## WHAT IS NEEDED
Search the listing below for the line containing "Answer yes or no. Yes. Does Chocolate have the minimum". From there through the line containing "Answer yes or no. No. Does Rebecca Purple have", transcribe every line exactly, both ends included.

## RAW DATA
..........
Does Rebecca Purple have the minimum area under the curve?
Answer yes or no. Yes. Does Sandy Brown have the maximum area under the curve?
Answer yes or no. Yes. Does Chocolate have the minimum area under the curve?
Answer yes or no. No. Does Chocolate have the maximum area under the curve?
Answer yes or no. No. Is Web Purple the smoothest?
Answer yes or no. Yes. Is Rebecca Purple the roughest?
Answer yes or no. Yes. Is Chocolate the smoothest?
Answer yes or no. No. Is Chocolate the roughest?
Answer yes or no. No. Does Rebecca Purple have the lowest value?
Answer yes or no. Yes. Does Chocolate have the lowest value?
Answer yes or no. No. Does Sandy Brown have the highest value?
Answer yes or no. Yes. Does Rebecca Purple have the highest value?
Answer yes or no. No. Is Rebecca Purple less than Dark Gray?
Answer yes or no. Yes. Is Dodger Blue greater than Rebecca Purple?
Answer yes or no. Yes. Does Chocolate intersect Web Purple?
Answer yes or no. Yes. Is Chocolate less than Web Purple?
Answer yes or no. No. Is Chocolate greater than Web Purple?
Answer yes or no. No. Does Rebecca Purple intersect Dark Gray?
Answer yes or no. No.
..........
## OUTPUT FOR THIS EXERCISE
Answer yes or no. Yes. Does Chocolate have the minimum area under the curve?
Answer yes or no. No. Does Chocolate have the maximum area under the curve?
Answer yes or no. No. Is Web Purple the smoothest?
Answer yes or no. Yes. Is Rebecca Purple the roughest?
Answer yes or no. Yes. Is Chocolate the smoothest?
Answer yes or no. No. Is Chocolate the roughest?
Answer yes or no. No. Does Rebecca Purple have the lowest value?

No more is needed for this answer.